塾にいっていても、習ったからと授業をおろそかにするなら逆効果。
こまぎれ時間を活用しよう。


国語

国語の時間数は一番多いし全科目の基礎
古文や漢文もはじまり、文法もはいってきて広がるけど、逆に一つくらいは得意になって国語が好きになるチャンス。

国語が苦手な人ほど予習復習に音読を取り入れよう。
そして、苦手な人ほど予習型にしよう。そうしないと授業中漢字の確認で精いっぱいで内容が頭に入らない。
得意な人は早く読むようにチャレンジしよう。
ワンランク上の読み方
小説・・・とき、ところ、登場人物を考える、登場人物の心理を表す文章に印をつける
説明文や評論・・・結論が書かれている抽象的な段落を探す。抽象と具体をわける。
詩歌や短歌、俳句・・・倒置、比喩、体言止めなどの表現技法をさがし、効果を考えてみよう
古典や漢文・・・すらすらよめることが大切


辞書はたくさん引いて、引いた言葉に印をつけてどんどん汚していこう。
書き写す作業より時間と手間がかかり、意味をとるほうに集中できない。意味調べが面倒くさくなる。
それよりたくさん引く方が大切。

意味を示して元の言葉を問う。
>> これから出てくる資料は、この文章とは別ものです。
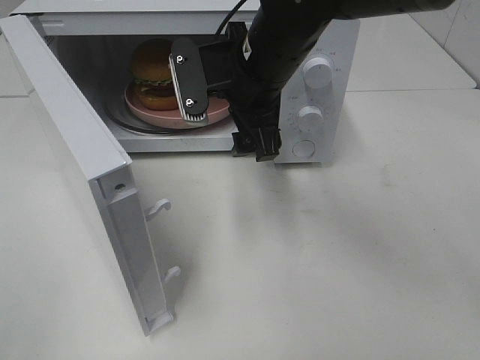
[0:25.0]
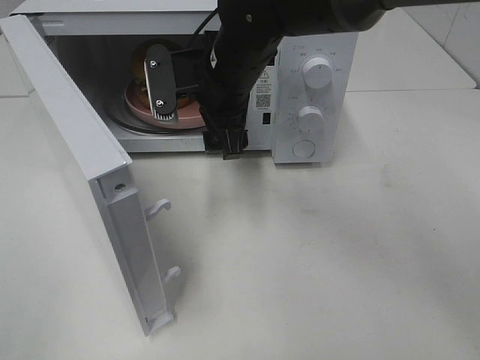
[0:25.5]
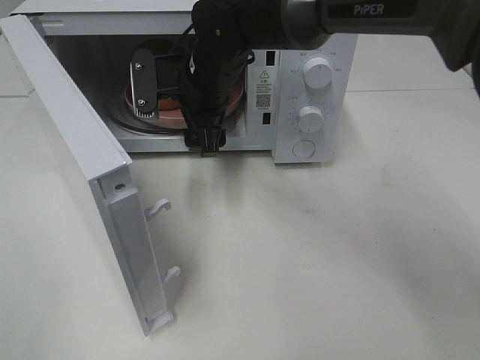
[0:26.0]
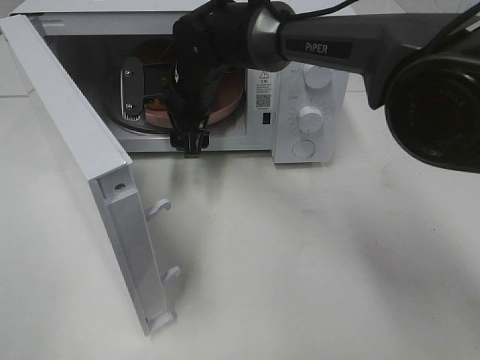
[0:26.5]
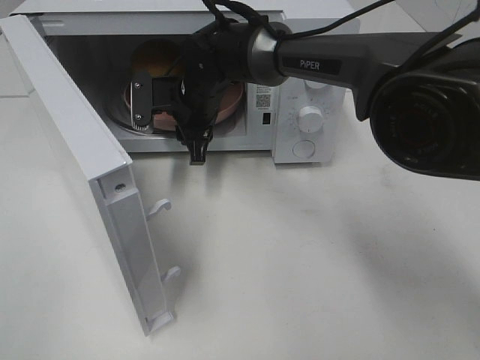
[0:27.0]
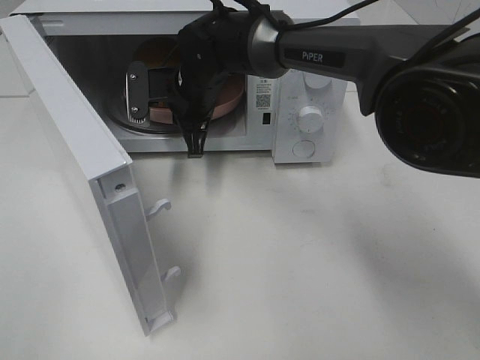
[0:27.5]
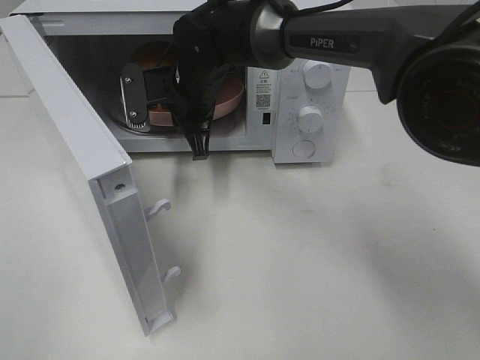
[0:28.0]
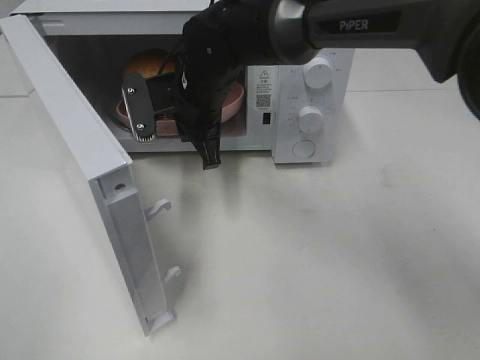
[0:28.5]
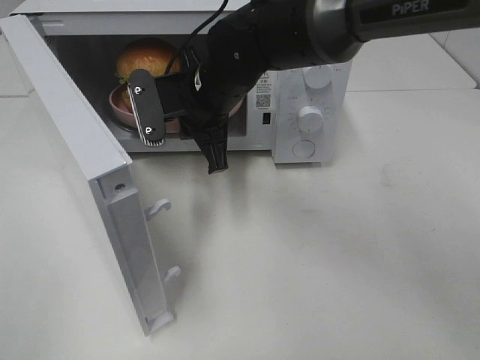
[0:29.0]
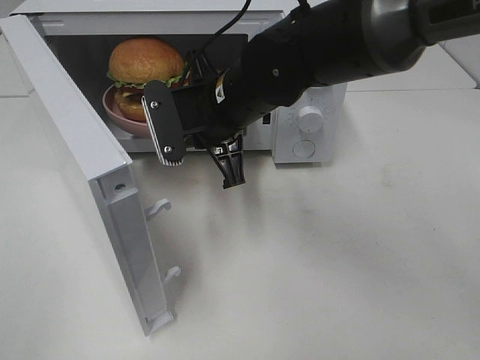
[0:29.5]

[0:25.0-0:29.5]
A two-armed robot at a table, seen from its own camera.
Task of the whole recording: Heat the burger.
Step, 0:25.0 to 0:27.5: Right hand: grab the plate with the hamburger.
0:25.0 to 0:27.0: The right gripper shifts approximately 15 cm forward, downward and to the left, and closes up.
0:27.0 to 0:29.5: The right gripper is displaced backward and upward by some 10 cm.

問題を作って語句をマスター
例 けむりなどがあたりにひろがること→5文字など

復習に役立つノートづくりを
日付を入れる
番所の写しにプラスアルファを、「先生の問い」「自分はどう考えたのか」「他の人はどう考えたか」「結論はどうなったか」
記号、考えに根拠となるきょうかしょの部分を記録、対立する考えは分けてかく。

漢字攻略法
何度もノートに書いて練習しているのに、効果がない。
テストするとだいたい形はあっているのだが、ちょっとした間違いで×になる人への覚え方のポイント
1 漢和辞典を活用して筆順をたしかめる
2 空書きして練習する(筆順と画数を確認)
3 小学校で習った966文字をマスター

進める順番
1 筆順を見ながら指書きする
2 なぞり書きをする
3 写しが気をする
4 テストで確認
5 間違えた問題だけ繰り返す


表現力をみにつけるには
何度も教科書を読んですぐれた文章を覚えよう
好きな文章を原稿用紙に書き写す
論理的文章の文章のかきかたは結論から
理科や社会の復習でつかってみよう。

差がつくのは古典
マンガを活用する
何度も読む

文法は用語を確実にする

読書量を増やす
ジャンルは問わない。親子で同じ本を読むのもよい

言葉遊びをする
辞書で簡単なことばを引いてどう説明されているか予想して確かめるゲームなど
「青」「右」などがおもしろい。
友達同士でクロスワードをしたり、何の意味もない議論をしたりするのもいい。

参考書は語彙をふやしたり、知識をふやしたり、まとめたりするのには役立つが、主題をよみとってり、説明文の要旨のまとめなどには役にたたないのでいらない。

受験対策には、過去問を。予想問題はいらない。
どんな問題構成かなどが役に立つ。
直前対策は基本的にできない、他の教科を頑張ったほうがいいが、あえてやるなら、小学校漢字、文法総合問題、著者の考えた理科社会の用語の漢字ドリル。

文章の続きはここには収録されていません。